» AIM OF THE TASK: Images embedded in the records are excluded; print everything else exactly as given.

---------- RECORD SET

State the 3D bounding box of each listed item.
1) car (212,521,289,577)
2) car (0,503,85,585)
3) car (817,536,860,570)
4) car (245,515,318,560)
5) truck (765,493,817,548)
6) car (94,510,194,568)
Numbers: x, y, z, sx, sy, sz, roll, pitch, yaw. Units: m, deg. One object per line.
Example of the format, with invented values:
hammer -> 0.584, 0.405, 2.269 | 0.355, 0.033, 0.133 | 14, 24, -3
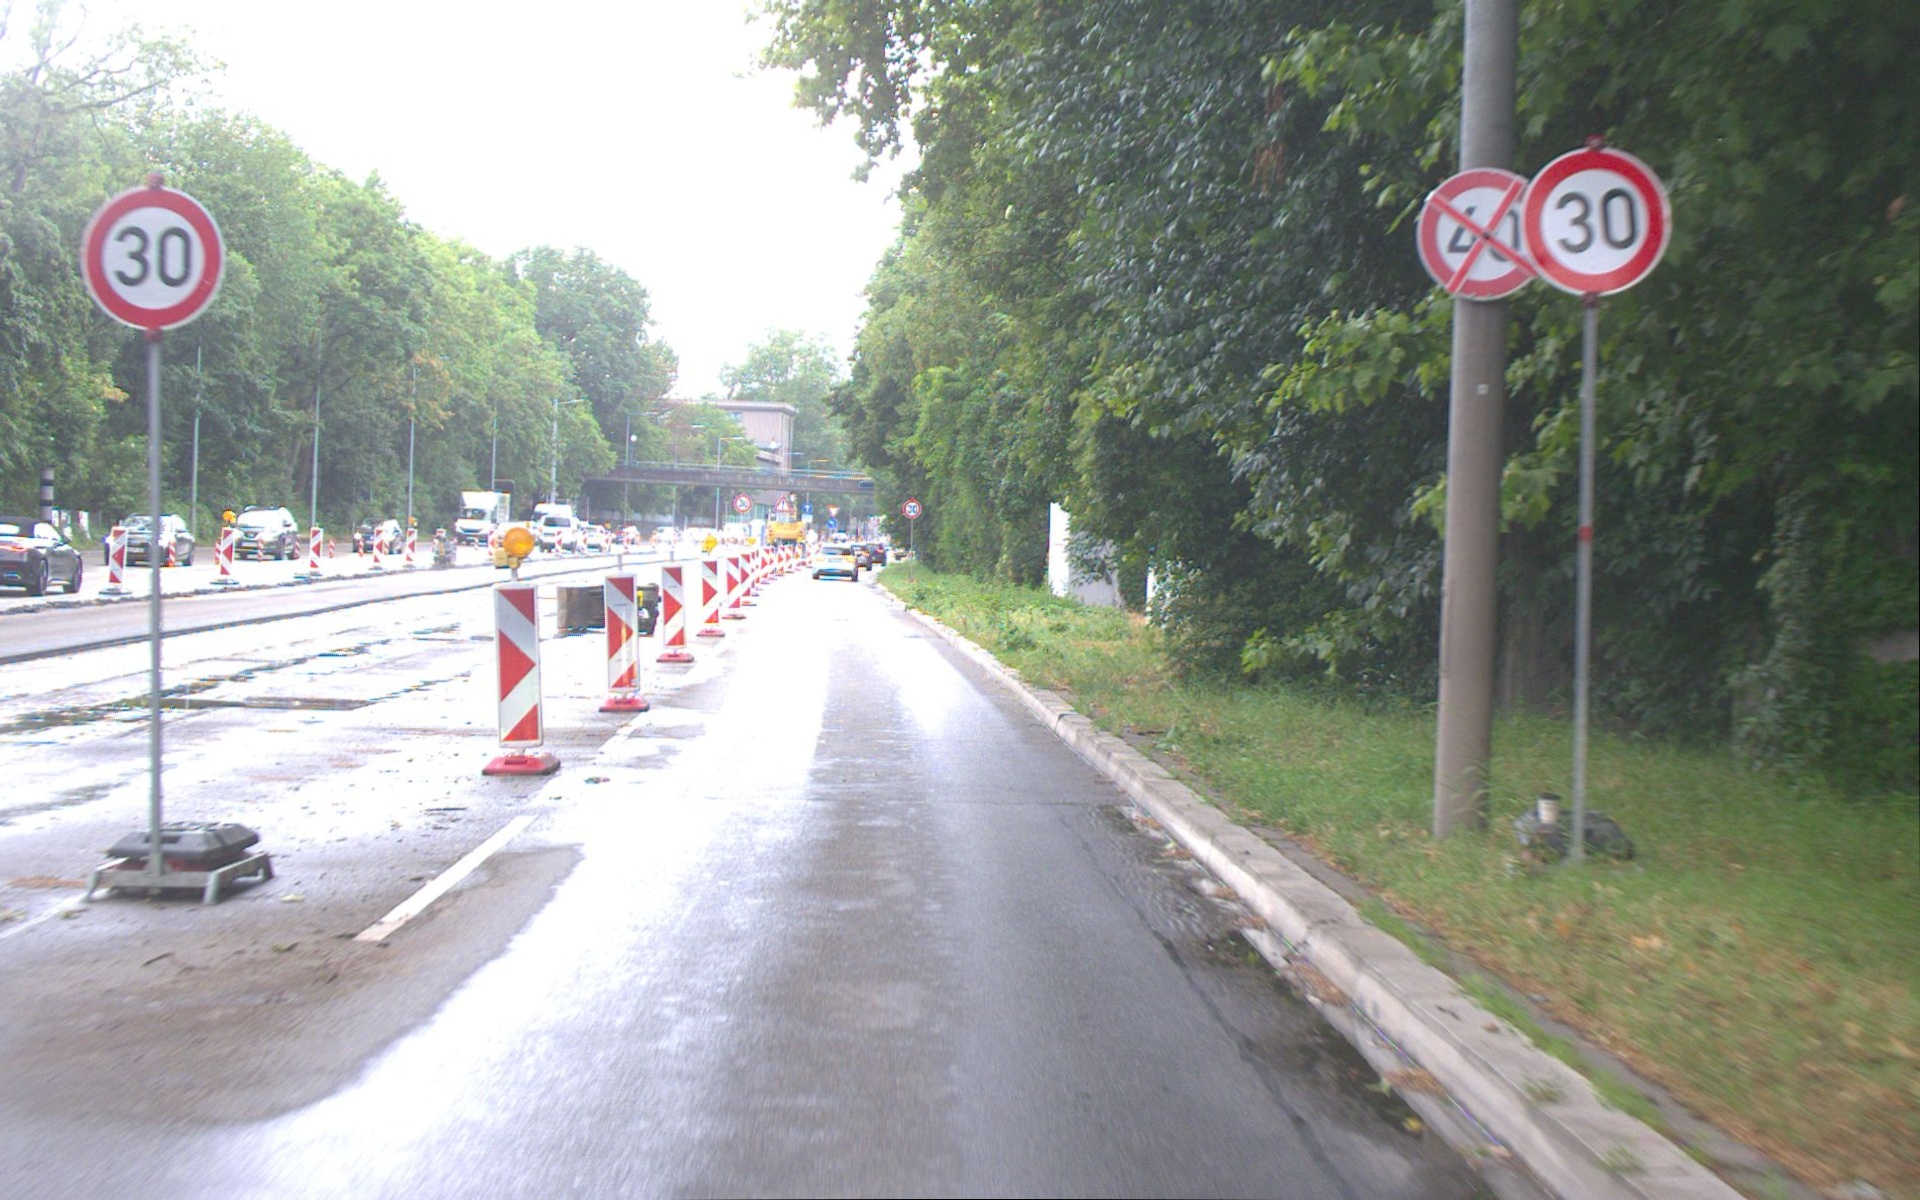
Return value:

--------------------

» ANSWER SPACE:
State the 3D bounding box of each listed item.
1) car (212,521,289,577)
2) car (0,503,85,585)
3) car (817,536,860,570)
4) car (245,515,318,560)
5) truck (765,493,817,548)
6) car (94,510,194,568)
Numbers: x, y, z, sx, sy, sz, roll, pitch, yaw. Units: m, deg. One object per line.
Example of the format, with invented values:
hammer -> 0.584, 0.405, 2.269 | 0.355, 0.033, 0.133 | 14, 24, -3
Return value:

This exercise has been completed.